Wednesday, October 6, 2010

Missing Mount Evans

It was cold (49 F) and overcast when we got up this morning. We took some time to admire the wild river running past the back of our motel before leaving. Typical of the wild rivers of the west the likes of which we had not seen since we had left the north west corner. Fishing would be dangerous and difficult. It was time to put the warm liners back in our motorcyle suits and wear warmer gloves.

We followed the river most of the way. This is one of the few without a railway line following it..

Our ride today was scheduled to take us up to the summit of Mt Evans, Colorado, the highest paved road in the US topping out at over 14,000 ft at the summit.


This involved backtracking from Grant to Bailey before turning north where we had a pleasant stop for brunch and fuel at 'The Deli in Evergreen South'. Hot coffee and plenty of it is suddenly essential.

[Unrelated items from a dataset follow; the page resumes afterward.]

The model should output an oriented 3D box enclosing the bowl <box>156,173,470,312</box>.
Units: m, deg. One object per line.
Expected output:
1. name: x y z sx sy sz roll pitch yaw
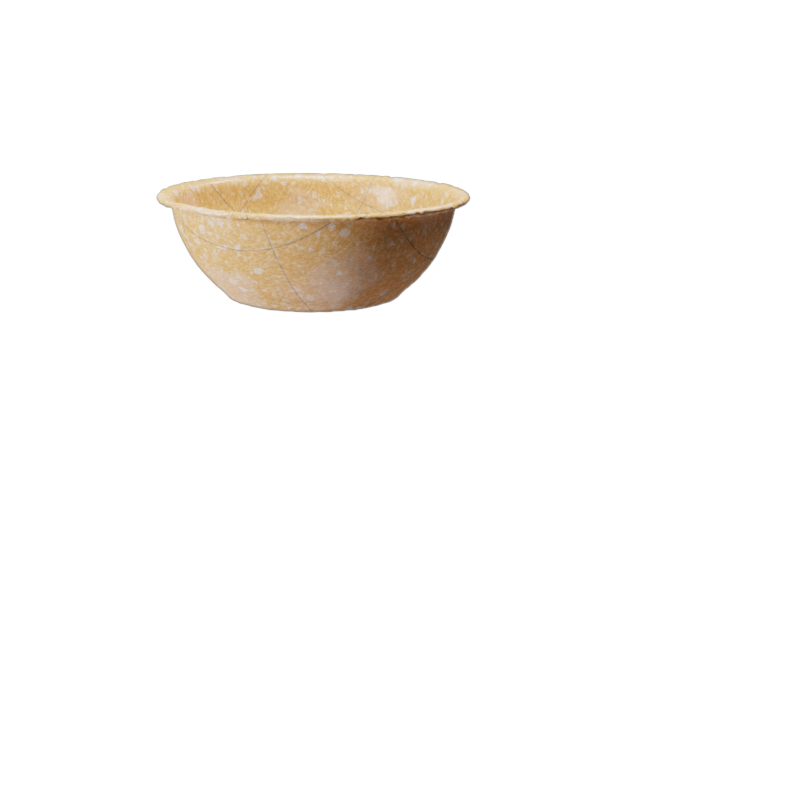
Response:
1. bowl: -0.045 -0.083 0.579 0.162 0.053 0.168 -1 17 -2
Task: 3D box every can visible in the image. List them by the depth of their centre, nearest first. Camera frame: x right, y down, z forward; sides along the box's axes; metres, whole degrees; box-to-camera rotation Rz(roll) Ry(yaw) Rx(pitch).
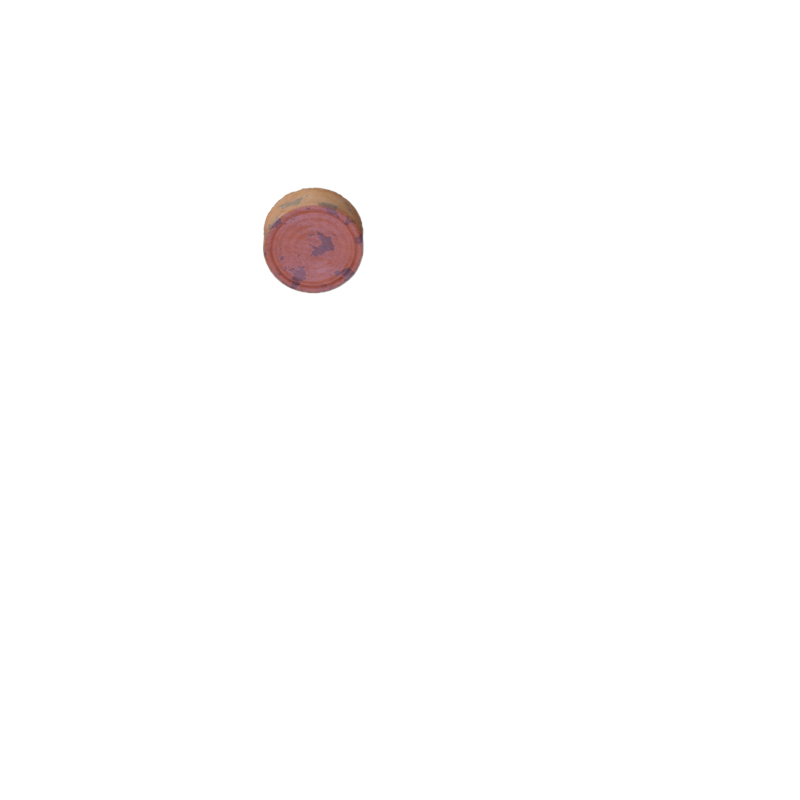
[{"bbox_3d":[-0.073,-0.134,0.935,0.086,0.081,0.036,1,29,-1],"label":"can"}]
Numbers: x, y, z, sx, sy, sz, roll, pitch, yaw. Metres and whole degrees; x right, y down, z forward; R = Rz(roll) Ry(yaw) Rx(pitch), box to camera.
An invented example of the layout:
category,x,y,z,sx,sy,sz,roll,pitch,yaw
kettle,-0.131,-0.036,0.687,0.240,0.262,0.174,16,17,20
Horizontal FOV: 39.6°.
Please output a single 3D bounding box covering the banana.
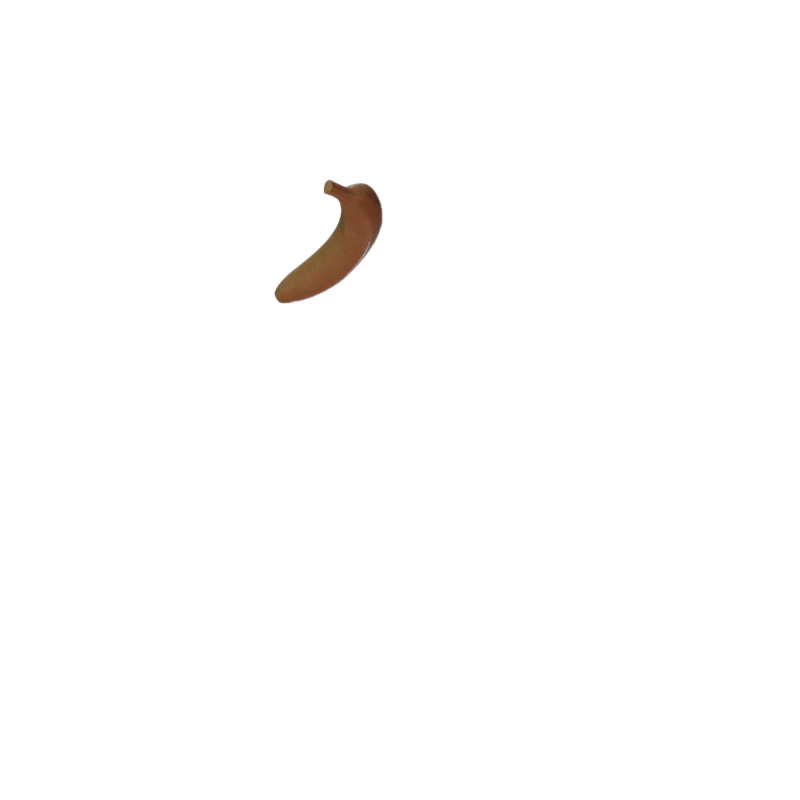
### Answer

Unfortunately, when researching this trip, Chris did not read the fine print closely enough; - The Mt Evans road is only open from Memorial Day to Labor Day, and Labor Day was four weeks ago.


However, we were still able to ride the scenic road 103 to Echo Lake which was S bend after S bend through the groves of pines, and aspens which are still holding onto there golden leaves at the lower altitudes.

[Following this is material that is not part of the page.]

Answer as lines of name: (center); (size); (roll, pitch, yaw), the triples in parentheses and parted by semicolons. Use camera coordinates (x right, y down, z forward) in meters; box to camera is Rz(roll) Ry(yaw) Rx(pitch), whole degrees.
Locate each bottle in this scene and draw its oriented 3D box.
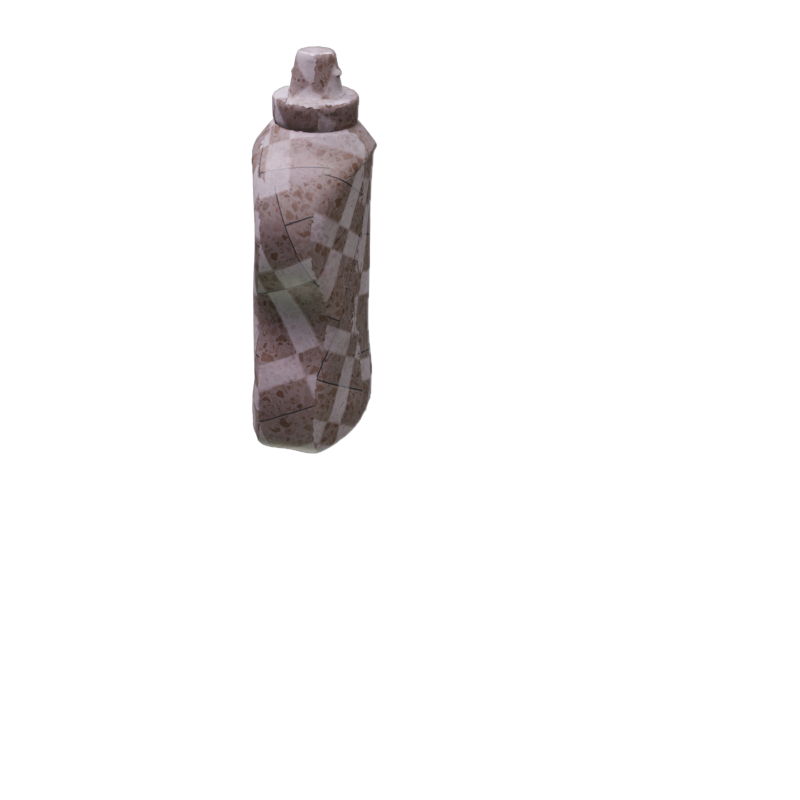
bottle: (-0.042, -0.078, 0.547); (0.060, 0.182, 0.099); (8, 26, 13)

Descending from Echo Lake we soon reached Idaho Springs after an exhilarating descent. Here we picked up I-70 (the only road available) and turned west to Georgetown, our destination for the night.



Our ride today was not a long one and we arrived in Georgetown in the early afternoon. It is situated in a steep valley surrounded by mountains. Everywhere you looked you faced a steep rock wall with a few pines, some of which are dead, affected by a beetle. We found the Georgetown Mountain Inn quickly thanks to the help of the Visitors Centre. The alpine design of the motel made you feel that this was a skiing area. It has the feel of Queenstown in New Zealand. All it needs is the gondala that takes you up to a restaurant on top of the mountain.
The Visitors Centre also suggested a ride on the Georgetown Loop Railway (discounted for the off season). This was a very short run covering about one mile as the crow flies, but taking three miles of track as the railway winds its way back and forth up a steep gorge. A pleasant way to relax.

Our tickets were for a round trip by train, so we went both ways along the track. The railway is famous for the Georgetown loop, where the line gains altitude by making a complete loop and passing over itself on a narrow and high curved steel viaduct. Today the four carriages were pulled by a diesel locomotive rather than the steam locomotive they show in all the promotional material. It did the job, but without the atmospheric chuffing and smoke of a steam train. The electric horns don't have the romance of a steam whistle but the ride was very pleasant in the open air carriages.









On the way down it started raining, but that cleared up soon after we returned to Devil's Gate Station.
We got on our bike and rode back to the motel through the historic old town with its lovely old Victorian buildings.
We stopped at the local market, purchased the makings of a simple dinner and retired to our very warm room for the evening.